After I wrote recently about the awful markup used to identify index entries when you save a Word 2003 file as XML, Jon Udell wrote to me to relay MS Office Program Manager Brian Jones' query about whether I felt similarly about other markup in the XML version of a Word document. I haven't had the time to do a comprehensive review of the XML, and I've written before about a pleasant surprise I found in it (and I was annoyed at the fuss over Microsoft paying Rick Jelliffe to add some perspective to the ODF/OOXML Wikipedia entries—it's Rick Jelliffe, for chrissake) but a bit more investigation let me generalize from my earlier negative comments, and after writing it out to Jon I thought I'd expand on it a bit and post it.
The project I'm writing doesn't need the hyperlinks or table of contents markers in the Word XML, but from what I've seen of them, it looks like the XML representation of most of the Insert Field features seem to be that XML-ized version of the RTF: <w:fldChar w:fldCharType="begin"/>, then a w:instrText element with some cryptic string such as ' TOC \o "1-2" \n \p " " \h \z ' for a table of contents marker, 'HYPERLINK \l "_Toc135558539"' for a hyperlink, ' XE "' for an index entry, and <w:fldChar w:fldCharType="end"/> to finish it.
To test this theory, I created a sample document with about a dozen things added with different Insert Field selections and exported the result as an XML document. The XML version of most of the field constructs begin and end with w:r elements containing w:fldChar elements with w:fldCharType attribute values of "begin" and "end". Some store their information in a w:r child of a w:fldSimple element instead. The w:fldSimple element's w:instr attribute seems to be the equivalent of the w:instrText cousins of the w:fldChar "begin" and "end" elements, with cryptic strings of uppercase keywords, punctuation, and quotation marks like the TOC one shown above to say something about their purpose. (To be fair, the "Hyperlink" field had an actual w:hlink element to represent it.)
Indicating where the constructs begin and end with two separate, generic empty elements that have a fldCharType attribute value of "begin" and "end" is much more difficult to work with than a matched pair of start- and end-tags. XML isn't simply the representation of data with tags enclosed in angle brackets in such a way that Xerces doesn't complain about it; much of the point of XML is to clearly indicate where things (and sub-things) begin and end using a matching pair of start- and end-tags. I suppose that an XML representation of a Word file must address the possibility of overlap—what if the document has bold text, then bold italic, then just italic?—but if the OpenOffice coders can parse the original Word file and turn it into good markup, we know it can be done.

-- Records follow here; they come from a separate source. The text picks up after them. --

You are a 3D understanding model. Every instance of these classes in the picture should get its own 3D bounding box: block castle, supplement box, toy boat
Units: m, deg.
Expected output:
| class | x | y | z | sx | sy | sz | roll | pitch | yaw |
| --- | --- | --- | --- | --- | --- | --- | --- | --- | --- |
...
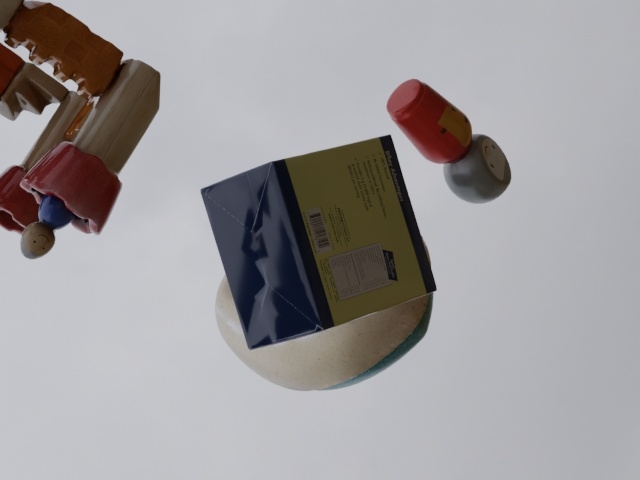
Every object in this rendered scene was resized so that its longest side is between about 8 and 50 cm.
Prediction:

A new annoyance revealed by my further research is the fact that those w:instrText elements store their cryptic strings of information such as ' TOC \o "1-2" \n \p " " \h \z ' as PCDATA. Using XSLT, it's usually easy to check whether an element has no content (regardless of the number of descendant elements it has) by checking whether normalize-space(value-of(.)) = "", and when processing XML versions of Word there are often empty paragraphs and maybe even empty sections that you want to throw out, but these w:instrText elements prevent this from working. I know that storing content in PCDATA and metadata in attributes is only a convention, but it's a convention of document-oriented XML going back to SGML days, and an XML version of a Word file is certainly document-oriented XML. (More on this in the comments to my earlier entry on the topic.)
The kinds of things that a Word user picks "Insert Field" to add are often very important to what makes a Word or XML document richer than plain ASCII text with no markup, and it's a shame that whoever designed the MS XML to represent these didn't do a little more modeling of the data necessary to represent each field type and instead just mapped the RTF (or whatever internal structures that I'm sure the RTF reflects) to pointy brackets and strings full of internal codes. I'm sure it made their design work go more quickly, but the result is something that offers few good arguments for advocacy as a standard.
Jones' blog has been talking up an open source API for processing the Office XML, and while it's good that such a tool exists and is open source, it doesn't address the issues I describe above. The "don't worry about the data complexity, we have a tool that takes care of it" argument often presented in such cases leads to a software dependency, and the reason we use open data standards is to avoid dependency on specific tools. (A dirty little secret of the SGML world was that while we all preached the gospel of an open ISO data standard as a way to avoid dependency on specific software tools, most serious production work relied on Omnimark, a company that at the time was run by a man who would rather tell developers what they needed than listen to what they needed. One former employer of mine converted their SGML system to use XML purely to eliminate their dependency on Omnimark.) A dependency of a data format on a specific tool takes away from arguments toward making that data format a standard.
The things that a Word doc file or an XML version of that doc file must represent can be complex, and I'm sure that further investigation of the XML, if I had the time, would reveal further pleasant surprises and further annoyances. So far the score, on balance, is pretty low.